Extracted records
════════════════════

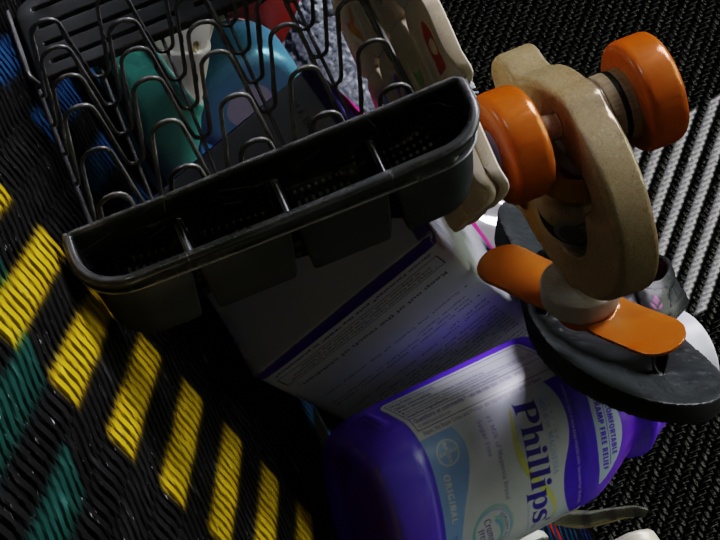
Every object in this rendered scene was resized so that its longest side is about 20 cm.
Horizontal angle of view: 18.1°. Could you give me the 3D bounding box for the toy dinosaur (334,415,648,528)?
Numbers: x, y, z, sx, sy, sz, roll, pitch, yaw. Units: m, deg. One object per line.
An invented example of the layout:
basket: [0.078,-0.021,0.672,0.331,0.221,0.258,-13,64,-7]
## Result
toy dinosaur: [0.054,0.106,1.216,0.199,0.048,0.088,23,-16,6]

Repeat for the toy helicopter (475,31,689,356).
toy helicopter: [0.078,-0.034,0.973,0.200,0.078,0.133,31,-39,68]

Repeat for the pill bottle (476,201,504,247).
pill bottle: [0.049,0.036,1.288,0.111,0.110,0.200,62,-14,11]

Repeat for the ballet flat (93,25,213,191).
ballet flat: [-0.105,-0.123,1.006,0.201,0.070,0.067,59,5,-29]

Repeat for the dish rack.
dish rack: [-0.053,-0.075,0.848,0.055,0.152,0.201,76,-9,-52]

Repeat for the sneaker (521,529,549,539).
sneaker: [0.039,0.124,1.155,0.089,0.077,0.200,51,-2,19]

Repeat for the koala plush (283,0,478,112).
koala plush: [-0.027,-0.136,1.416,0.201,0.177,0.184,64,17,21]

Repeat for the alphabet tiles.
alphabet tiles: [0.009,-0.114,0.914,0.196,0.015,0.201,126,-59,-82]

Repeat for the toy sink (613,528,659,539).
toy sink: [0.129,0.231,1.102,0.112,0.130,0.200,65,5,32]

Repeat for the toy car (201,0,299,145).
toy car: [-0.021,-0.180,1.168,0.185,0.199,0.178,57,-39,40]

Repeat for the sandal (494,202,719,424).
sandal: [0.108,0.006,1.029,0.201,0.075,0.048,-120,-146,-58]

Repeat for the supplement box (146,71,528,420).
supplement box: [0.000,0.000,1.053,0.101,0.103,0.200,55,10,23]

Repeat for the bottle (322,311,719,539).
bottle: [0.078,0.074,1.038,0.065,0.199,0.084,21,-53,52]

════════════════════

▶ Exercise description: If a line in the records above contains the word "object", copy it.

▶ Your response:
Every object in this rendered scene was resized so that its longest side is about 20 cm.
Numbers: x, y, z, sx, sy, sz, roll, pitch, yaw. Units: m, deg. One object per line.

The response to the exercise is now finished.